> **Action item**
Please set down the data word for word; images do not go in the copy.
╭─ Extracted data
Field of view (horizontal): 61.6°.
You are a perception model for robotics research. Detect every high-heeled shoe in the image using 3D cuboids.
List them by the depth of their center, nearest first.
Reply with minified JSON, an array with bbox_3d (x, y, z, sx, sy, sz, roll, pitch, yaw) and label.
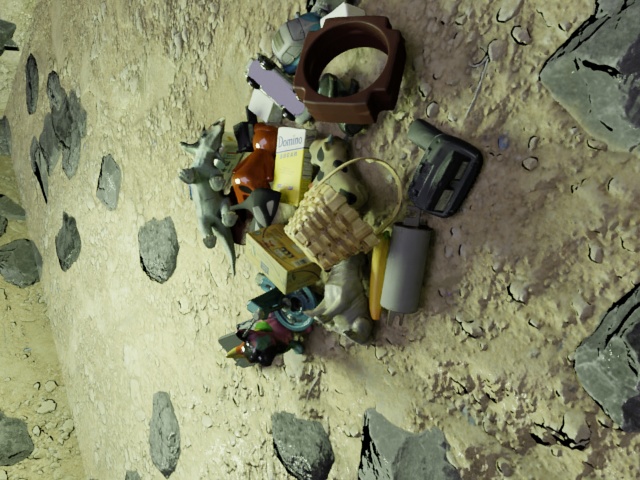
[{"bbox_3d":[-0.116,-0.027,1.309,0.145,0.248,0.086,-10,45,22],"label":"high-heeled shoe"}]

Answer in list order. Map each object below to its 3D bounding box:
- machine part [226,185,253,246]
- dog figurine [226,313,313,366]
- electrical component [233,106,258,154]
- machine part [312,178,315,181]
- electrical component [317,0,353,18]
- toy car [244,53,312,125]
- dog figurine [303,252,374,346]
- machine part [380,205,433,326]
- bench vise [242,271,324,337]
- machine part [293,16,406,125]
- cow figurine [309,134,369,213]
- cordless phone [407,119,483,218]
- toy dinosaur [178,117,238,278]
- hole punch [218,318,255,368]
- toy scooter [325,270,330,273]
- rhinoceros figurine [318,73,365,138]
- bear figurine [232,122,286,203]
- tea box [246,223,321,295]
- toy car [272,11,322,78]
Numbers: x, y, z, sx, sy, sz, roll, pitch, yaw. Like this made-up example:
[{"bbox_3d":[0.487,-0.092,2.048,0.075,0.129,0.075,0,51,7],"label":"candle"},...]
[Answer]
[{"bbox_3d":[-0.202,-0.068,1.449,0.180,0.056,0.179,5,97,47],"label":"machine part"},{"bbox_3d":[-0.134,0.216,1.278,0.192,0.219,0.108,45,120,34],"label":"dog figurine"},{"bbox_3d":[-0.186,-0.287,1.406,0.048,0.075,0.119,-13,87,46],"label":"electrical component"},{"bbox_3d":[-0.050,-0.161,1.297,0.084,0.039,0.139,-24,77,50],"label":"machine part"},{"bbox_3d":[0.038,-0.526,1.176,0.102,0.045,0.078,-22,78,45],"label":"electrical component"},{"bbox_3d":[-0.095,-0.355,1.268,0.202,0.056,0.073,43,116,3],"label":"toy car"},{"bbox_3d":[0.078,0.113,1.154,0.190,0.172,0.121,-59,29,-9],"label":"dog figurine"},{"bbox_3d":[0.169,0.053,1.051,0.079,0.079,0.243,18,104,44],"label":"machine part"},{"bbox_3d":[-0.091,0.132,1.227,0.224,0.240,0.128,35,114,22],"label":"bench vise"},{"bbox_3d":[0.061,-0.334,1.066,0.202,0.087,0.201,7,74,23],"label":"machine part"},{"bbox_3d":[0.038,-0.144,1.171,0.127,0.085,0.195,-49,62,34],"label":"cow figurine"},{"bbox_3d":[0.204,-0.142,1.016,0.184,0.088,0.146,52,128,45],"label":"cordless phone"},{"bbox_3d":[-0.284,-0.113,1.407,0.192,0.131,0.404,-107,11,-63],"label":"toy dinosaur"},{"bbox_3d":[-0.194,0.276,1.454,0.142,0.092,0.115,-26,103,41],"label":"hole punch"},{"bbox_3d":[-0.003,-0.004,1.230,0.135,0.075,0.183,46,126,35],"label":"toy scooter"},{"bbox_3d":[0.037,-0.301,1.178,0.190,0.073,0.112,51,133,31],"label":"rhinoceros figurine"},{"bbox_3d":[-0.141,-0.190,1.341,0.120,0.131,0.196,10,60,23],"label":"bear figurine"},{"bbox_3d":[-0.084,0.038,1.207,0.170,0.098,0.068,40,137,41],"label":"tea box"},{"bbox_3d":[-0.058,-0.456,1.241,0.162,0.103,0.109,-31,70,41],"label":"toy car"}]
╰─
> **Result of this exercise**
Field of view (horizontal): 61.6°.
You are a perception model for robotics research. Detect every high-heeled shoe in the image using 3D cuboids.
List them by the depth of their center, nearest first.
Reply with minified JSON, an array with bbox_3d (x, y, z, sx, sy, sz, roll, pitch, yaw) and label.
[{"bbox_3d":[-0.116,-0.027,1.309,0.145,0.248,0.086,-10,45,22],"label":"high-heeled shoe"}]

Answer in list order. Map each object below to its 3D bounding box:
- machine part [226,185,253,246]
- dog figurine [226,313,313,366]
- electrical component [233,106,258,154]
- machine part [312,178,315,181]
- electrical component [317,0,353,18]
- toy car [244,53,312,125]
- dog figurine [303,252,374,346]
- machine part [380,205,433,326]
- bench vise [242,271,324,337]
- machine part [293,16,406,125]
- cow figurine [309,134,369,213]
- cordless phone [407,119,483,218]
- toy dinosaur [178,117,238,278]
- hole punch [218,318,255,368]
- toy scooter [325,270,330,273]
- rhinoceros figurine [318,73,365,138]
- bear figurine [232,122,286,203]
- tea box [246,223,321,295]
- toy car [272,11,322,78]
Numbers: x, y, z, sx, sy, sz, roll, pitch, yaw. Like this made-up example:
[{"bbox_3d":[0.487,-0.092,2.048,0.075,0.129,0.075,0,51,7],"label":"candle"},...]
[Answer]
[{"bbox_3d":[-0.202,-0.068,1.449,0.180,0.056,0.179,5,97,47],"label":"machine part"},{"bbox_3d":[-0.134,0.216,1.278,0.192,0.219,0.108,45,120,34],"label":"dog figurine"},{"bbox_3d":[-0.186,-0.287,1.406,0.048,0.075,0.119,-13,87,46],"label":"electrical component"},{"bbox_3d":[-0.050,-0.161,1.297,0.084,0.039,0.139,-24,77,50],"label":"machine part"},{"bbox_3d":[0.038,-0.526,1.176,0.102,0.045,0.078,-22,78,45],"label":"electrical component"},{"bbox_3d":[-0.095,-0.355,1.268,0.202,0.056,0.073,43,116,3],"label":"toy car"},{"bbox_3d":[0.078,0.113,1.154,0.190,0.172,0.121,-59,29,-9],"label":"dog figurine"},{"bbox_3d":[0.169,0.053,1.051,0.079,0.079,0.243,18,104,44],"label":"machine part"},{"bbox_3d":[-0.091,0.132,1.227,0.224,0.240,0.128,35,114,22],"label":"bench vise"},{"bbox_3d":[0.061,-0.334,1.066,0.202,0.087,0.201,7,74,23],"label":"machine part"},{"bbox_3d":[0.038,-0.144,1.171,0.127,0.085,0.195,-49,62,34],"label":"cow figurine"},{"bbox_3d":[0.204,-0.142,1.016,0.184,0.088,0.146,52,128,45],"label":"cordless phone"},{"bbox_3d":[-0.284,-0.113,1.407,0.192,0.131,0.404,-107,11,-63],"label":"toy dinosaur"},{"bbox_3d":[-0.194,0.276,1.454,0.142,0.092,0.115,-26,103,41],"label":"hole punch"},{"bbox_3d":[-0.003,-0.004,1.230,0.135,0.075,0.183,46,126,35],"label":"toy scooter"},{"bbox_3d":[0.037,-0.301,1.178,0.190,0.073,0.112,51,133,31],"label":"rhinoceros figurine"},{"bbox_3d":[-0.141,-0.190,1.341,0.120,0.131,0.196,10,60,23],"label":"bear figurine"},{"bbox_3d":[-0.084,0.038,1.207,0.170,0.098,0.068,40,137,41],"label":"tea box"},{"bbox_3d":[-0.058,-0.456,1.241,0.162,0.103,0.109,-31,70,41],"label":"toy car"}]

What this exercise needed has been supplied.